Action item
Filtering the records below, copy only those lines that include the word "paskelbta".
##########
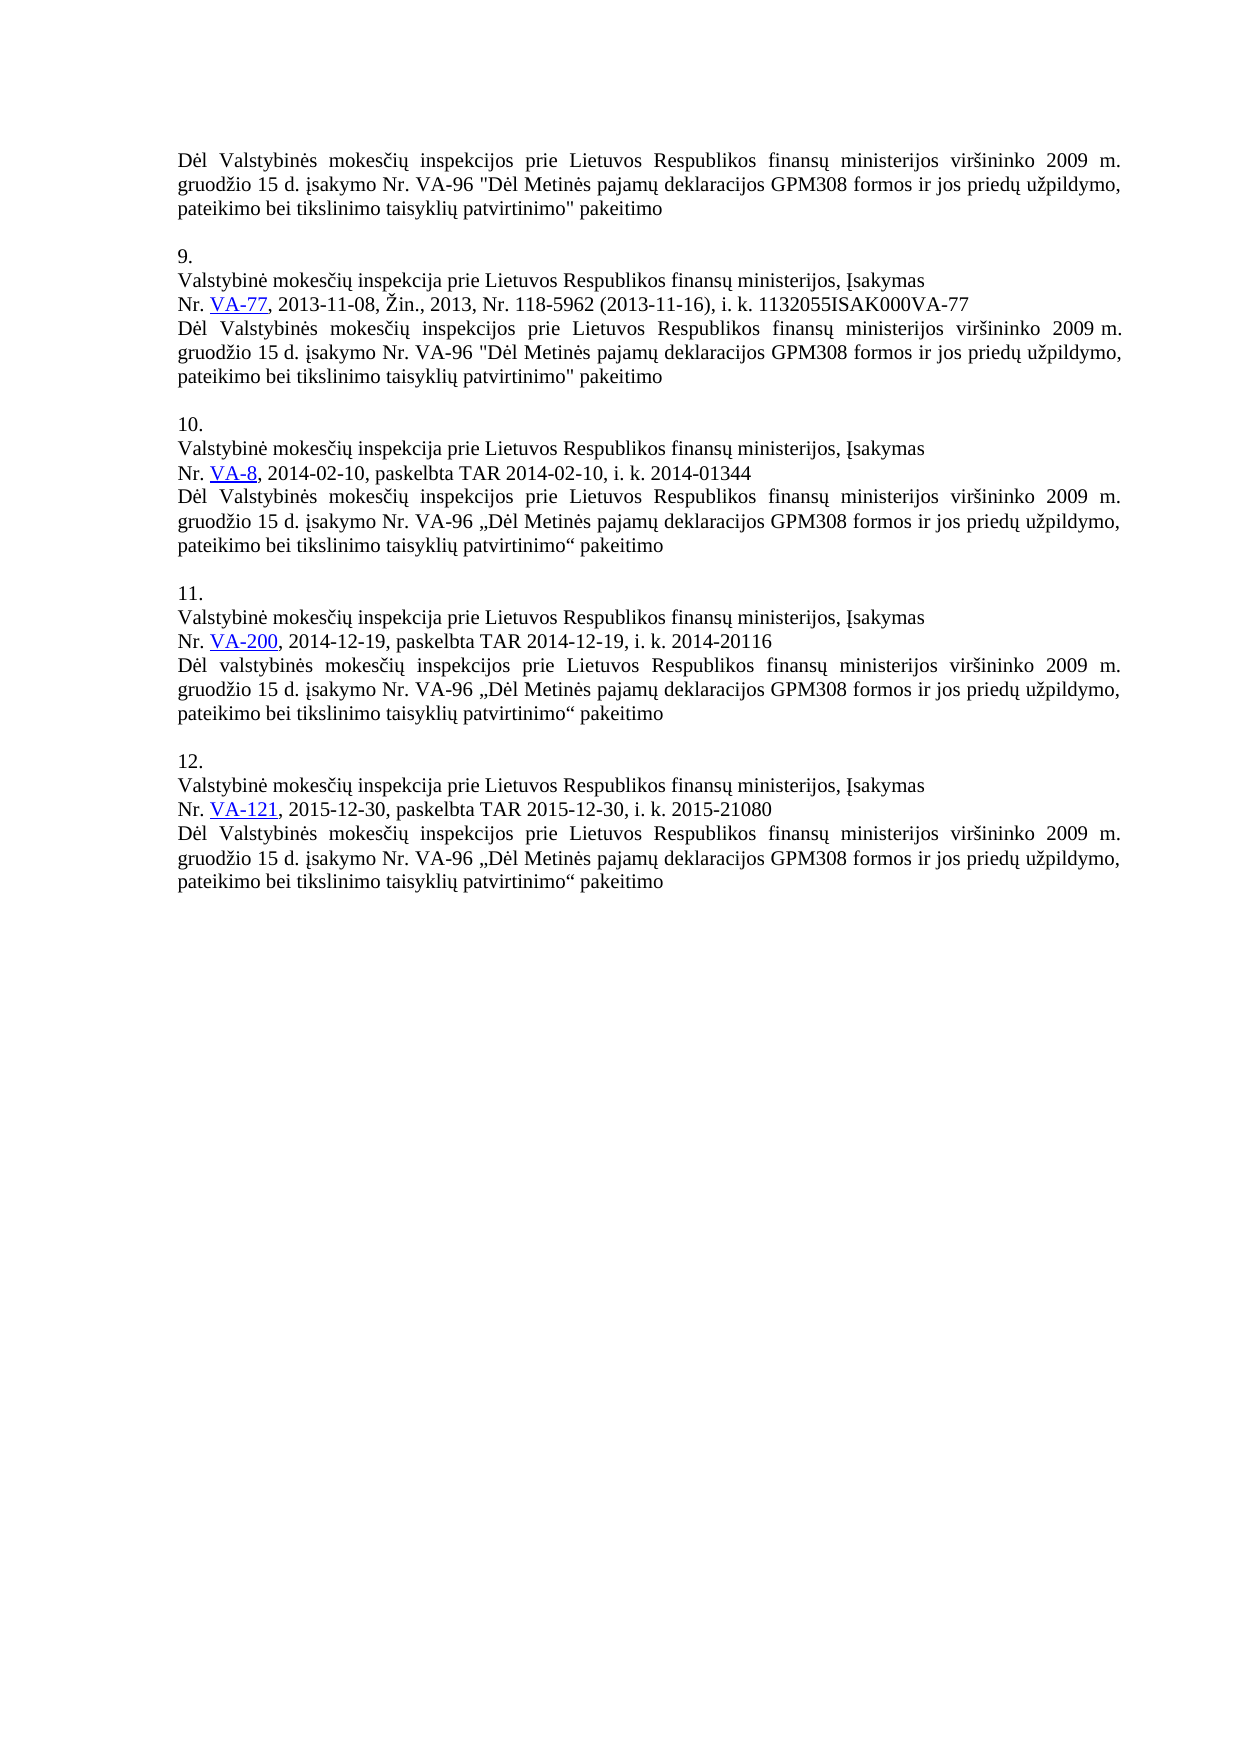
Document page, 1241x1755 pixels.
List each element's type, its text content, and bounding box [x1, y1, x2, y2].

text Dėl Valstybinės mokesčių inspekcijos prie Lietuvos Respublikos finansų ministerijos viršininko 2009 m. gruodžio 15 d. įsakymo Nr. VA-96 „Dėl Metinės pajamų deklaracijos GPM308 formos ir jos priedų užpildymo, pateikimo bei tikslinimo taisyklių patvirtinimo“ pakeitimo [177, 484, 1122, 557]
text Dėl valstybinės mokesčių inspekcijos prie Lietuvos Respublikos finansų ministerijos viršininko 2009 m. gruodžio 15 d. įsakymo Nr. VA-96 „Dėl Metinės pajamų deklaracijos GPM308 formos ir jos priedų užpildymo, pateikimo bei tikslinimo taisyklių patvirtinimo“ pakeitimo [177, 653, 1122, 725]
text Valstybinė mokesčių inspekcija prie Lietuvos Respublikos finansų ministerijos, Įsakymas [177, 605, 1122, 629]
text Dėl Valstybinės mokesčių inspekcijos prie Lietuvos Respublikos finansų ministerijos viršininko 2009 m. gruodžio 15 d. įsakymo Nr. VA-96 "Dėl Metinės pajamų deklaracijos GPM308 formos ir jos priedų užpildymo, pateikimo bei tikslinimo taisyklių patvirtinimo" pakeitimo [177, 148, 1122, 220]
text 12. [177, 749, 1122, 773]
text Nr. VA-121, 2015-12-30, paskelbta TAR 2015-12-30, i. k. 2015-21080 [177, 797, 1122, 821]
text 9. [177, 244, 1122, 268]
text 10. [177, 412, 1122, 436]
text Nr. VA-200, 2014-12-19, paskelbta TAR 2014-12-19, i. k. 2014-20116 [177, 629, 1122, 653]
text Nr. VA-77, 2013-11-08, Žin., 2013, Nr. 118-5962 (2013-11-16), i. k. 1132055ISAK000VA-77 [177, 292, 1122, 316]
text Valstybinė mokesčių inspekcija prie Lietuvos Respublikos finansų ministerijos, Įsakymas [177, 436, 1122, 460]
text Valstybinė mokesčių inspekcija prie Lietuvos Respublikos finansų ministerijos, Įsakymas [177, 773, 1122, 797]
text Valstybinė mokesčių inspekcija prie Lietuvos Respublikos finansų ministerijos, Įsakymas [177, 268, 1122, 292]
text Dėl Valstybinės mokesčių inspekcijos prie Lietuvos Respublikos finansų ministerijos viršininko 2009 m. gruodžio 15 d. įsakymo Nr. VA-96 „Dėl Metinės pajamų deklaracijos GPM308 formos ir jos priedų užpildymo, pateikimo bei tikslinimo taisyklių patvirtinimo“ pakeitimo [177, 821, 1122, 893]
text 11. [177, 581, 1122, 605]
text Nr. VA-8, 2014-02-10, paskelbta TAR 2014-02-10, i. k. 2014-01344 [177, 460, 1122, 484]
text Dėl Valstybinės mokesčių inspekcijos prie Lietuvos Respublikos finansų ministerijos viršininko 2009 m. gruodžio 15 d. įsakymo Nr. VA-96 "Dėl Metinės pajamų deklaracijos GPM308 formos ir jos priedų užpildymo, pateikimo bei tikslinimo taisyklių patvirtinimo" pakeitimo [177, 316, 1122, 388]
##########
Response below
text Nr. VA-121, 2015-12-30, paskelbta TAR 2015-12-30, i. k. 2015-21080 [177, 797, 1122, 821]
text Nr. VA-200, 2014-12-19, paskelbta TAR 2014-12-19, i. k. 2014-20116 [177, 629, 1122, 653]
text Nr. VA-8, 2014-02-10, paskelbta TAR 2014-02-10, i. k. 2014-01344 [177, 460, 1122, 484]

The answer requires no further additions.